> TASK BRIEF:
I would like every line of the records below that contains the word "Lengths" copied.

____

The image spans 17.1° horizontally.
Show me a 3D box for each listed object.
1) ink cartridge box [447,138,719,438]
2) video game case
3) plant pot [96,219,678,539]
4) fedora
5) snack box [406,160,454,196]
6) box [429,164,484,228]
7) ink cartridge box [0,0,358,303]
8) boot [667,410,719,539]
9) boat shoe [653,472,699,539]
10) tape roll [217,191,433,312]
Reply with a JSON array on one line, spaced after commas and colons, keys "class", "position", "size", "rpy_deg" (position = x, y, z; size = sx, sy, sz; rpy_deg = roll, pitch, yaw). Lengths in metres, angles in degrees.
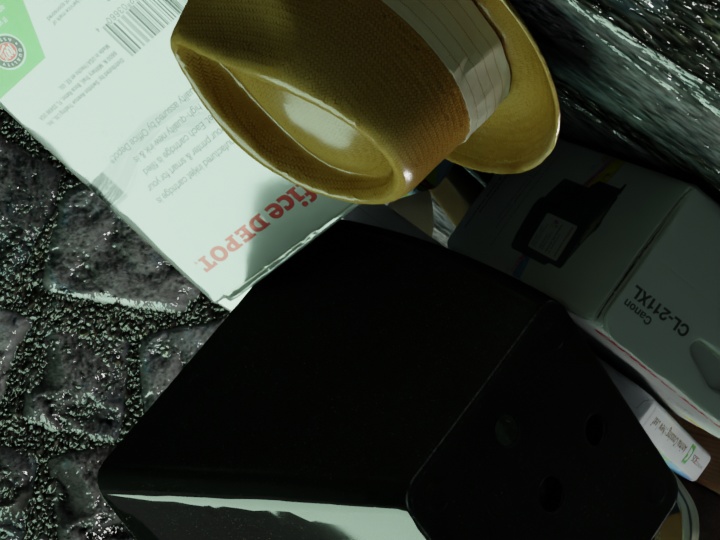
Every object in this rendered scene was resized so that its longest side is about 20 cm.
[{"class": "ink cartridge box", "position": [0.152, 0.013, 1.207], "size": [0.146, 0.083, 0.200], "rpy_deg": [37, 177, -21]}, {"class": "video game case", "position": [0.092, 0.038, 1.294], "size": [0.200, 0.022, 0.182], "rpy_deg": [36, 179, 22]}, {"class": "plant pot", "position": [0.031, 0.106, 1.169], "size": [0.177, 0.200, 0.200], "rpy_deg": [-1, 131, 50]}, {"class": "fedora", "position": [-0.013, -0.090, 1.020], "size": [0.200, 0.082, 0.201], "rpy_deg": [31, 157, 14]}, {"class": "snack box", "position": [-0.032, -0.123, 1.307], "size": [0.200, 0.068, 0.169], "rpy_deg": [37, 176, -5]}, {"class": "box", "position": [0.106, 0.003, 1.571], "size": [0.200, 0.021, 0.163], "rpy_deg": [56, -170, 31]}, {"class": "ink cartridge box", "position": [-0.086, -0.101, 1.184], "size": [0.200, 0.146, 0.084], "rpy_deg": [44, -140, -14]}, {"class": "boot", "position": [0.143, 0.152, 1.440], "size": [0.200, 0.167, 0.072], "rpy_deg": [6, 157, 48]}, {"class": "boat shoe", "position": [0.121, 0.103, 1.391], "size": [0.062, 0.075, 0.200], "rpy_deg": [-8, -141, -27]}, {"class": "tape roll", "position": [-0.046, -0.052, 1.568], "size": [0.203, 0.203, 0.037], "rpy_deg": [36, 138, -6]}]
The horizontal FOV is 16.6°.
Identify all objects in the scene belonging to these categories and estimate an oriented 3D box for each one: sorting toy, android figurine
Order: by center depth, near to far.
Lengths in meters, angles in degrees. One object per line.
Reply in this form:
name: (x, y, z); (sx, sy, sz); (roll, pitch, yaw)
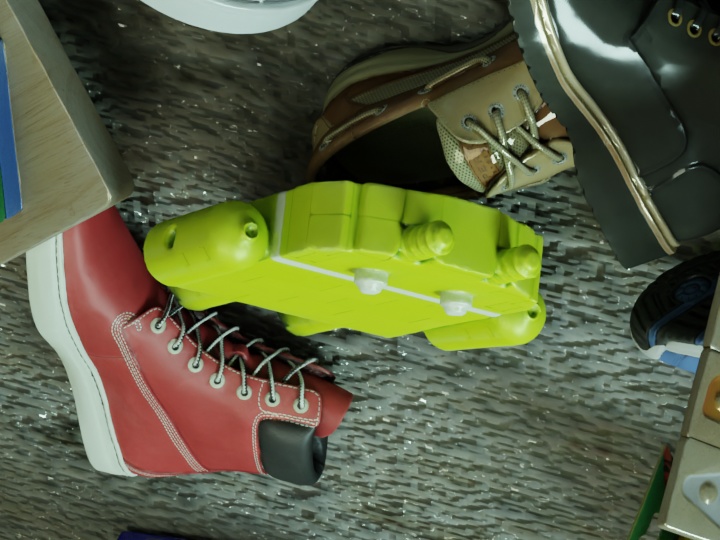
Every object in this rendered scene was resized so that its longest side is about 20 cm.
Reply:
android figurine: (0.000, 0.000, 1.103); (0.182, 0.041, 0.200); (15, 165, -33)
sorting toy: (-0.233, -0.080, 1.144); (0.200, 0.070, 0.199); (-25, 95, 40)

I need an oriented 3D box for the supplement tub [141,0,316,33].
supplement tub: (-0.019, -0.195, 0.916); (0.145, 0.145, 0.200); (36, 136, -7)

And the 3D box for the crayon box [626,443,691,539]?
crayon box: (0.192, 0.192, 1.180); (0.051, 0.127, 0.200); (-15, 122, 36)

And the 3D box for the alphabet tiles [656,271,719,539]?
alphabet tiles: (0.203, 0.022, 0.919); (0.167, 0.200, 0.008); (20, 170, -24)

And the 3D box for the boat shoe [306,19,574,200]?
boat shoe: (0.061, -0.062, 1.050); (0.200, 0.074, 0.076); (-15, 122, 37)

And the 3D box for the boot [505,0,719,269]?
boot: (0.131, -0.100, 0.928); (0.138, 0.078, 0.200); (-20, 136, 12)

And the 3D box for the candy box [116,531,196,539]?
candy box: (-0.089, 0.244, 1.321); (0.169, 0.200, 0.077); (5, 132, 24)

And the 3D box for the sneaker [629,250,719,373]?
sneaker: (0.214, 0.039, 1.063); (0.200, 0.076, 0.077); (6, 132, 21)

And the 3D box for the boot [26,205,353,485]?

____

> WRITTEN RESPONSE:
Reply with a JSON array on one line, spaced after commas and colons, keys "class", "position", "size", "rpy_deg" (position = x, y, z; size = sx, sy, sz; rpy_deg = roll, pitch, yaw). Lengths in metres, angles in degrees.
Lengths in meters, angles in degrees. One object per line.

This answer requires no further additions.